Dynamic compressor and pump lubrication.Dynamic compressors and pumps are machines that achieve a pressure rise by adding kinetic energy and velocity to a continuous flow of fluid. These machines deliver relatively large volumes of fluid at relatively low or medium pressure increases. Common types of dynamic machines include centrifugal and axial compressors and pumps.

Optimal lubricants for dynamic compressors and pumps are usually premium extreme-pressure (EP), multi-purpose oils designed for dependable performance over a wide range of temperatures and operating conditions (extreme-pressure lubricants are oils that can work under shock or sudden high pressure rises). The most appropriate lubricants for dynamic machines tend to be synthetic lubricants formulated from PAG base stock, and that have dedicated anti-wear, severe-service and long-life properties.
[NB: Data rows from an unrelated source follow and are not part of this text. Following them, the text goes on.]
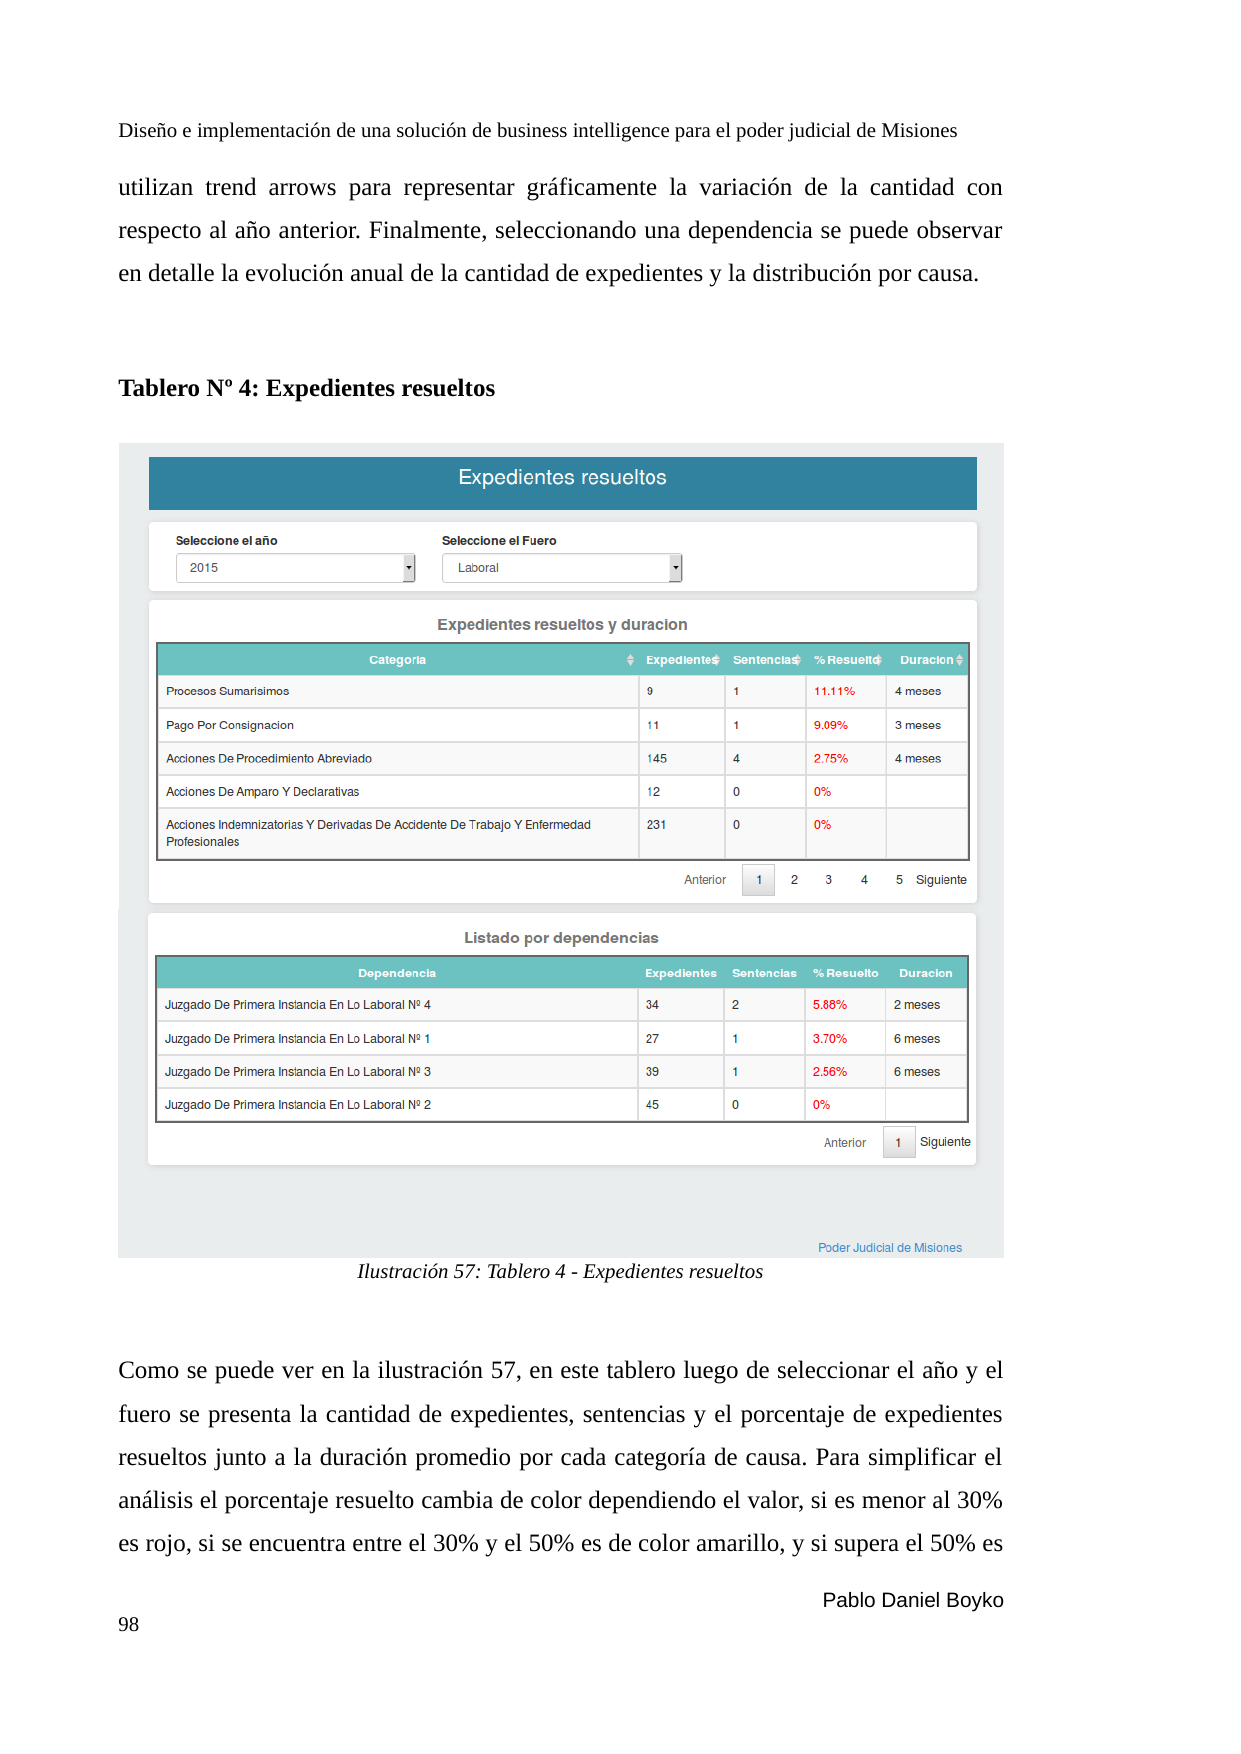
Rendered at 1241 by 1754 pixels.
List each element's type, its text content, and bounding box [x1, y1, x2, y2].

text Como se puede ver en la ilustración 57, en este tablero luego de seleccionar el año y el fuero se presenta la cantidad de expedientes, sentencias y el porcentaje de expedientes resueltos junto a la duración promedio por cada categoría de causa. Para simplificar el análisis el porcentaje resuelto cambia de color dependiendo el valor, si es menor al 30% es rojo, si se encuentra entre el 30% y el 50% es de color amarillo, y si supera el 50% es [118, 1356, 1004, 1557]
text utilizan trend arrows para representar gráficamente la variación de la cantidad con respecto al año anterior. Finalmente, seleccionando una dependencia se puede observar en detalle la evolución anual de la cantidad de expedientes y la distribución por causa. [118, 172, 1004, 287]
text Ilustración 57: Tablero 4 - Expedientes resueltos [118, 1260, 1004, 1283]
text Tablero Nº 4: Expedientes resueltos [118, 373, 1004, 402]
picture [118, 443, 1004, 1260]

Specifically, when specifying a lubricant for dynamic machinery, users should opt for ones that have the following characteristics:

1. Superb oxidative and thermal stability

2. Relatively high viscosity indexes (values depend on the application and can vary considerably)

3. Relatively low pour points for easy cold temperature startup (again, optimal values depend on application and can vary considerably)

4. Excellent lubricity for enhanced resistance to friction and wear

5. Extreme pressure lubrication

6. Good resistance to mechanical breakdown

7. Good resistance to sludge and varnish formation

8. Non-corrosive and stain resistant

9. Suitable compatibility with elastomers and coatings (particularly seal system components, gear unit internal paints and so on)

Lubricants with ISO VG 32, 46 and 68 grades are commonly used in dynamic compressors and dynamic pumps.


Turbine lubrication

Turbine lubricants must have excellent thermal and oxidation resistance at bearing oil temperatures, which can approach 100°C in typical steam turbines or heavy-duty industrial gas turbines, and can exceed 200°C in aero-derivative gas turbines. Turbine lubricants must control the rust and corrosion that could destroy precision surfaces, and resist foaming and air entrainment, which could impair lubrication and lead to equipment breakdown.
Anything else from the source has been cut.